(Data records)
= Beginning of Section =

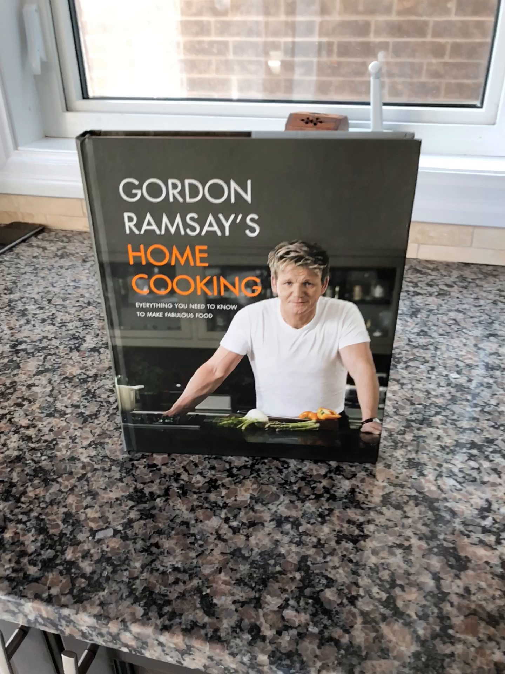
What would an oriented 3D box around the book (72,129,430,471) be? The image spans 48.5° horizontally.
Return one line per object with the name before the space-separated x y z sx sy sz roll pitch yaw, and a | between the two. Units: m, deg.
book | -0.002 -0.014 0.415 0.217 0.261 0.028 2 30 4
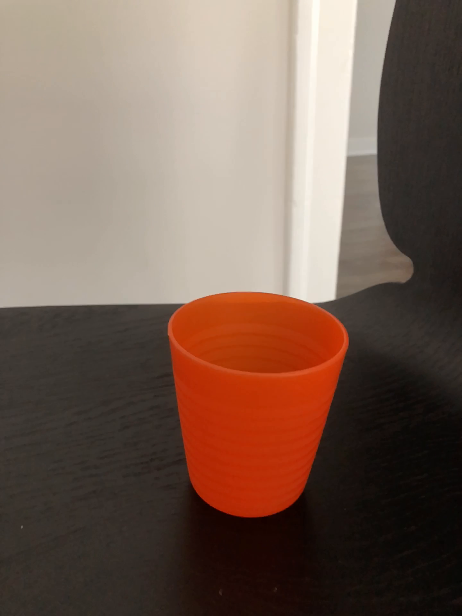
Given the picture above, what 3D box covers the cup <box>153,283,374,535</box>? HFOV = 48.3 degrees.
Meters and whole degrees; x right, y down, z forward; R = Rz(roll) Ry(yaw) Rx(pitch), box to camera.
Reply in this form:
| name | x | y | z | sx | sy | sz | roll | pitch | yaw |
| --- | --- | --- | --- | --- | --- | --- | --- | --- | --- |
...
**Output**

= End of Section =
= Beginning of Section =

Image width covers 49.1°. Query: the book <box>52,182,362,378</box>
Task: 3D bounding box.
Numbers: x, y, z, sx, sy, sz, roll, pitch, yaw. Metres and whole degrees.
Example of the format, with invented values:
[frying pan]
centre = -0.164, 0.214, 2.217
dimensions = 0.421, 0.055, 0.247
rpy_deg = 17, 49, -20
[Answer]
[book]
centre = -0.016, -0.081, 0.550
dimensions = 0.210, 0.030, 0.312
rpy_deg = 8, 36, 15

= End of Section =

• Your objective:
Each line above starting at the one holding "What would an" and ending at the one holding "Given the picture" should be set down exactly as it stands, both ends included, with no pictures.

• Solved problem:
What would an oriented 3D box around the book (72,129,430,471) be? The image spans 48.5° horizontally.
Return one line per object with the name before the space-separated x y z sx sy sz roll pitch yaw, and a | between the two. Units: m, deg.
book | -0.002 -0.014 0.415 0.217 0.261 0.028 2 30 4
Given the picture above, what 3D box covers the cup <box>153,283,374,535</box>? HFOV = 48.3 degrees.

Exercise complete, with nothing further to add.